Bounded

France — Carte de résident : règle des 3 ans d'absence

The Bounded TeamRésidenceaoût 2026

Résumé

Limite
Plus de 3 années consécutives à l'étranger
Fenêtre
Une seule absence continue de France (pas un total annuel)
Carte
Carte de résident — la carte de résident de 10 ans
Effet
La carte est caduque de plein droit (« périmée »)
Base légale
Art. L411-5 du CESEDA

Si vous détenez une carte de résident française — la carte de 10 ans — vous pouvez vivre longtemps hors de France et la conserver, mais pas indéfiniment. En vertu de l'article L411-5 du CESEDA, la carte devient caduque de plein droit (périmée) dès lors que vous avez quitté la France et résidé à l'étranger pendant une période de plus de trois années consécutives. Le déclencheur est une absence unique et ininterrompue — environ 1 095 jours d'une seule traite — pas un total courant de voyages éparpillés. Rétablir réellement votre résidence en France remet le compteur à zéro ; une visite de pure forme, non.

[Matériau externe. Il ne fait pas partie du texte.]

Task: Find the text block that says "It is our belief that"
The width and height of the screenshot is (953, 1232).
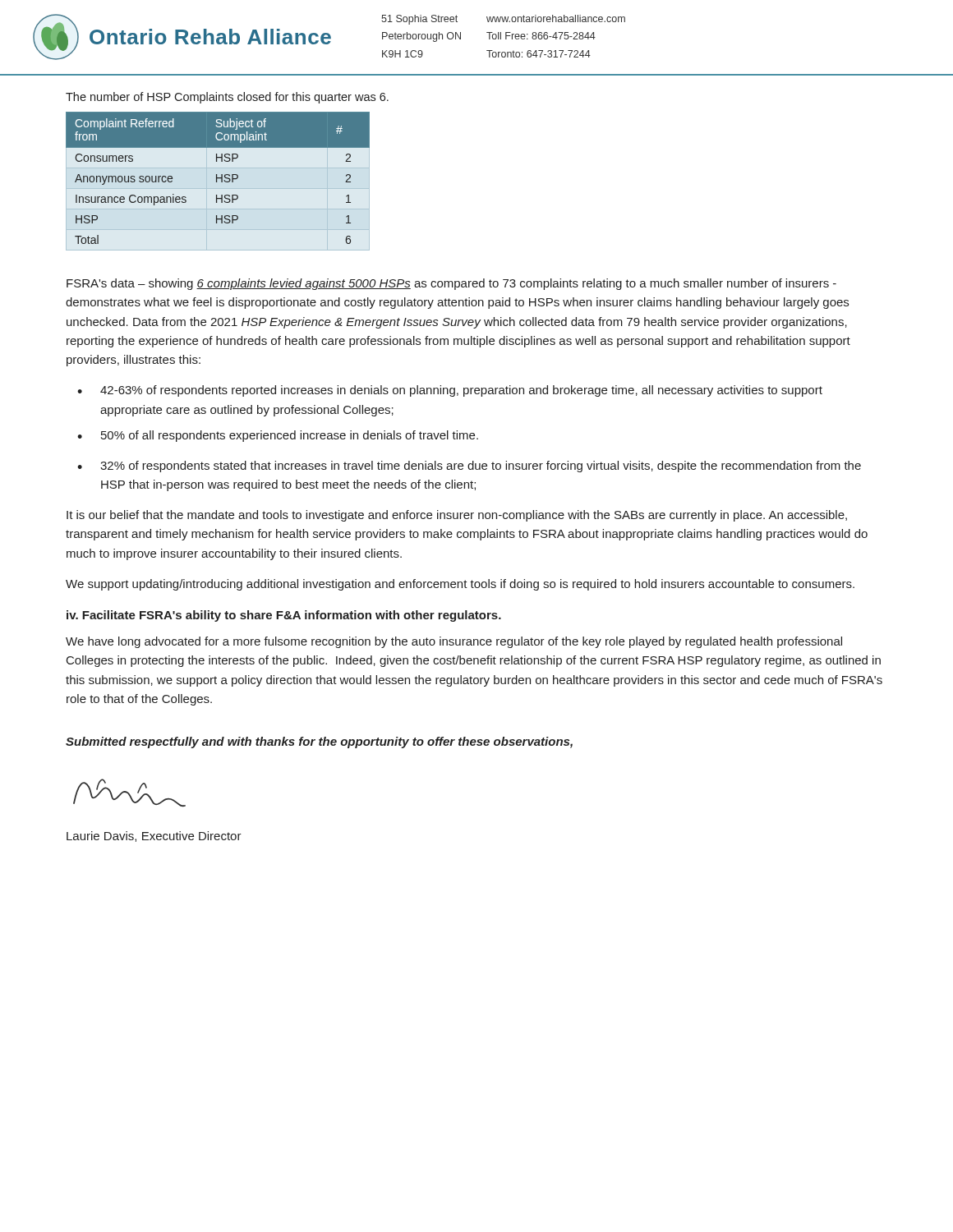Action: (467, 534)

C'est une carte différente, avec une règle différente, de la carte de séjour pluriannuelle. Cette carte n'est pas traitée ici — voir France — Carte de séjour pluriannuelle : règle de présence de 6 mois pour le test distinct de résidence habituelle qui exige au moins six mois en France chaque année civile.

Qui est concerné

Cette règle compte si vous détenez la carte de résident (la carte de 10 ans, y compris la carte de résident permanent) et que votre vie vous conduit hors de France pour de longues périodes — par exemple si vous :

  • Acceptez un emploi, une affectation ou un projet entrepreneurial de plusieurs années à l'étranger.
  • Retournez longuement dans votre pays d'origine pour vous occuper de votre famille ou tenir un foyer.
  • Passez des années à étudier, à faire de la recherche ou à vivre à l'étranger tout en voulant conserver votre statut français.

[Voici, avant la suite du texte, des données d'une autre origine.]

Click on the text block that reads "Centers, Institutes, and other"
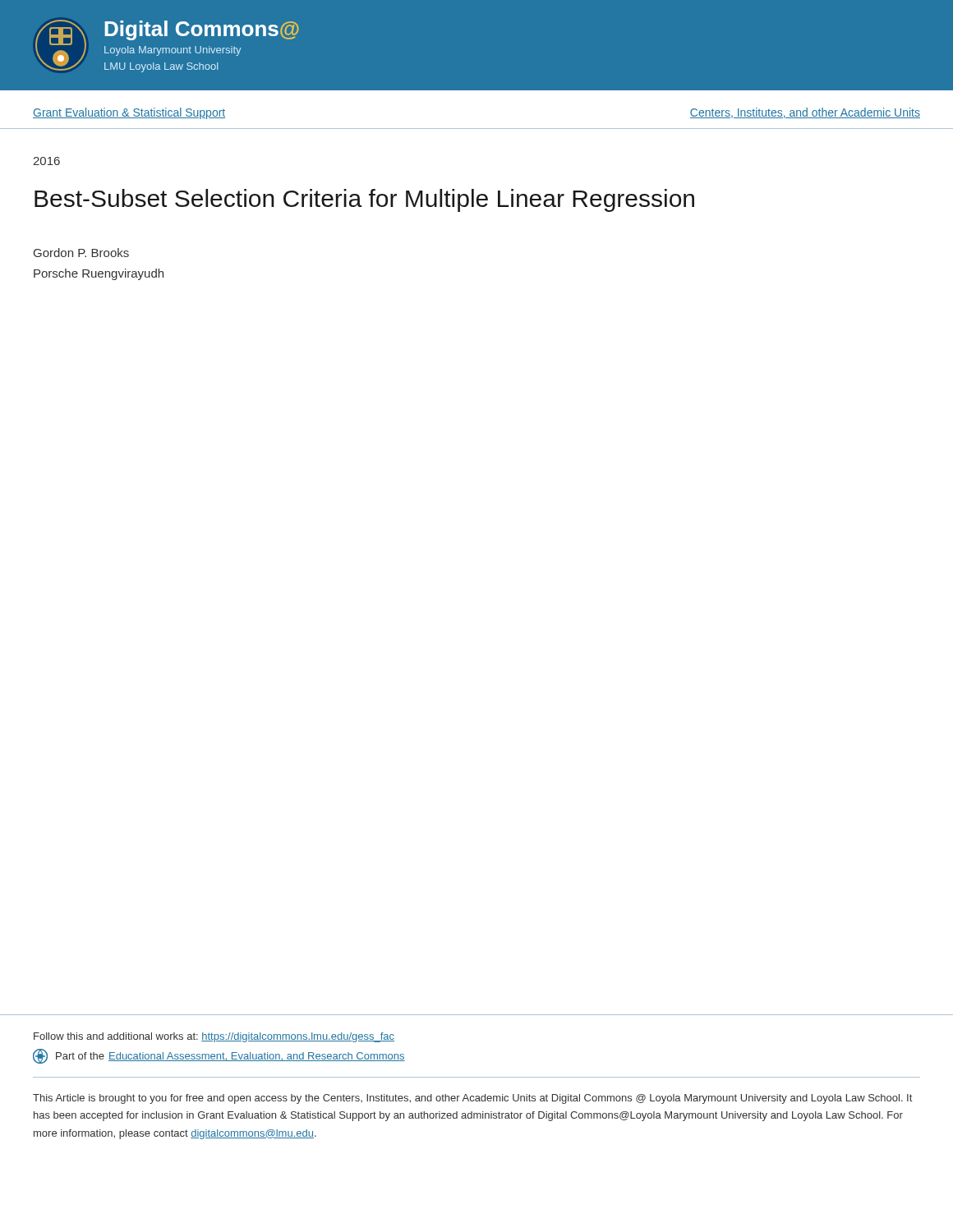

Elle s'applique à la carte de résident standard. Deux cartes apparentées fonctionnent différemment et ne sont pas régies par ce test des 3 ans :

  • La carte de séjour pluriannuelle (la carte temporaire pluriannuelle, par ex. une carte de 4 ans), dont le renouvellement exige au contraire une présence en France d'au moins six mois par année civile.
  • La carte de résident longue durée-UE, qui a ses deux propres causes de péremption : caducité après plus de 3 années consécutives hors de l'ensemble de l'UE, ou après 6 années consécutives hors de France.

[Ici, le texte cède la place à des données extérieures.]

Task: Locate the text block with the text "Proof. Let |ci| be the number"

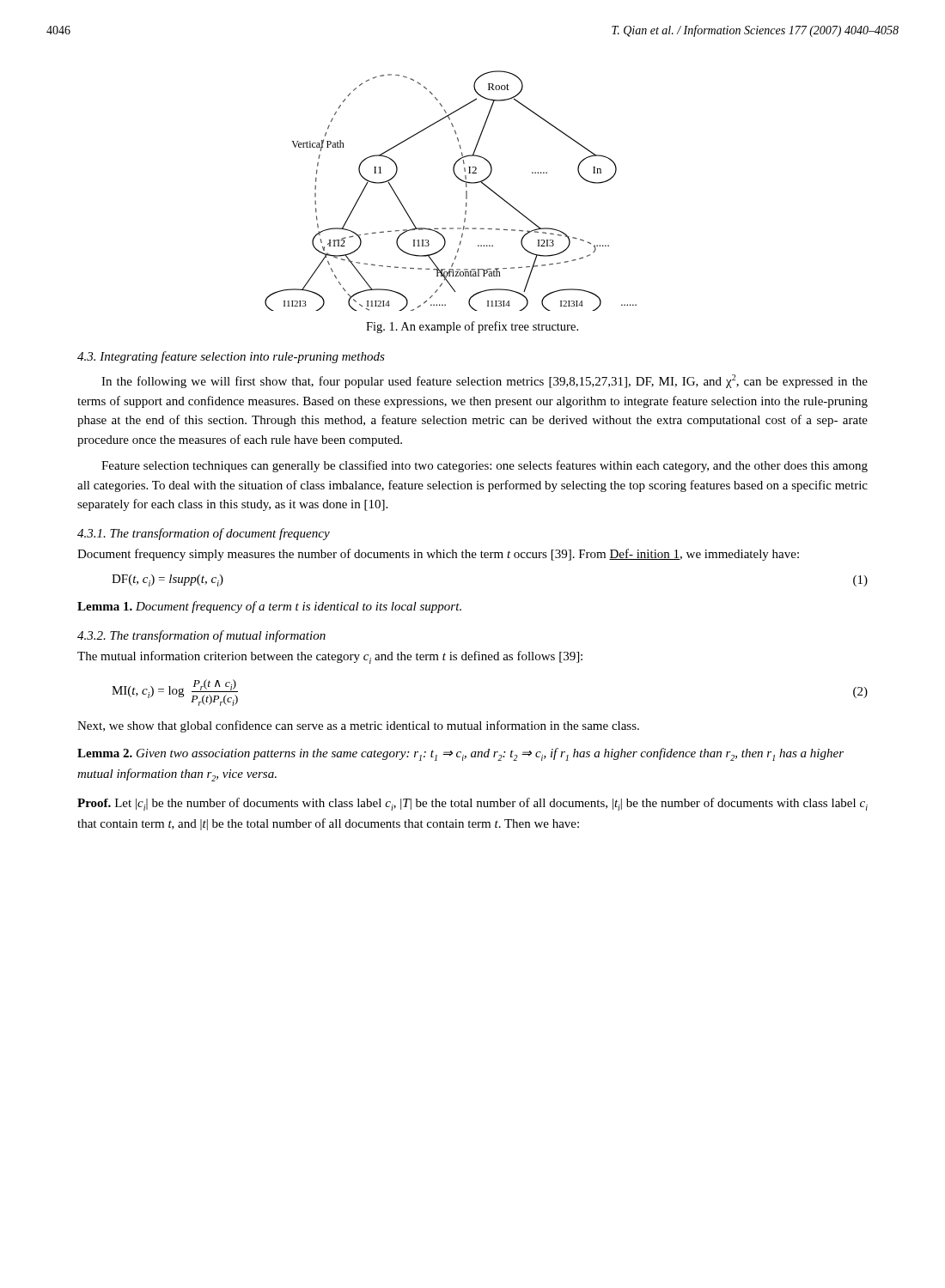Action: [472, 813]

La règle — et sa raison d'être

Une carte de résident est censée refléter le fait que la France est réellement le lieu où vous vivez. La loi pose une limite extérieure nette à la durée pendant laquelle vous pouvez être absent d'une seule traite. L'article L411-5 du CESEDA dispose que « la carte de résident d'un étranger qui a quitté le territoire français et a résidé à l'étranger pendant une période de plus de trois ans consécutifs est périmée » — la carte devient donc caduque dès lors que son titulaire a résidé à l'étranger pendant plus de trois années consécutives.

  • Le déclencheur est « plus de 3 ans consécutifs » à l'étranger — plus de trois ans consécutifs. C'est strictement plus de trois ans : la carte n'est périmée qu'une fois que l'absence continue dépasse environ 1 095 jours, pas lorsqu'elle les atteint seulement.
  • C'est automatique (« périmée »). La carte devient caduque de plein droit dès que le seuil est franchi — aucune décision de retrait distincte n'est nécessaire pour qu'elle soit caduque.
  • Elle mesure l'absence de France pour la carte standard (la variante longue durée-UE mesure aussi l'absence de l'ensemble de l'UE — voir ci-dessous).

Sa raison d'être : une carte de résident de longue durée est un statut fort, et il est lié au fait de vivre réellement en France. Le plafond de 3 ans empêche de maintenir la carte en vie pour quelqu'un qui a de fait déplacé sa vie à l'étranger, tout en laissant aux résidents véritables une marge généreuse pour des séjours prolongés hors du pays.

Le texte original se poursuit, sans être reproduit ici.